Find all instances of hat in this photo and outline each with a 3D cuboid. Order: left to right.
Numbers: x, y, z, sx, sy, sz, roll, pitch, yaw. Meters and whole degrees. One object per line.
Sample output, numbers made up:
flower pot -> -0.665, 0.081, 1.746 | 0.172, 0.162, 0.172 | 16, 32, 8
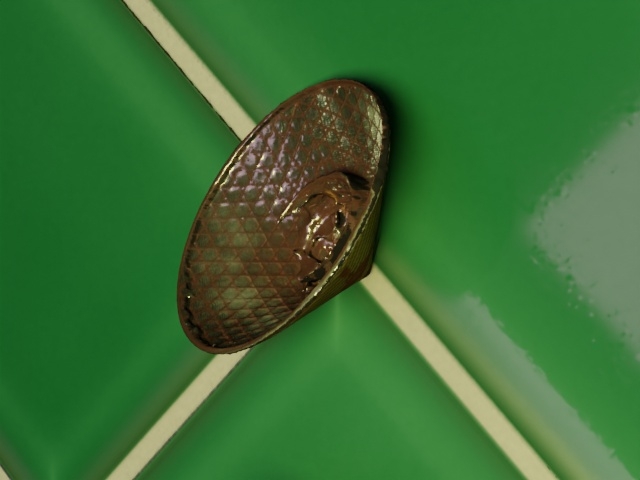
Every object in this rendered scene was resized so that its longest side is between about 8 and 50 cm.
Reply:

## Exercise
Starting from the records above, filter out all lines except those containing the word "object".

## Result for this exercise
Numbers: x, y, z, sx, sy, sz, roll, pitch, yaw. Meters and whole degrees. One object per line.
Every object in this rendered scene was resized so that its longest side is between about 8 and 50 cm.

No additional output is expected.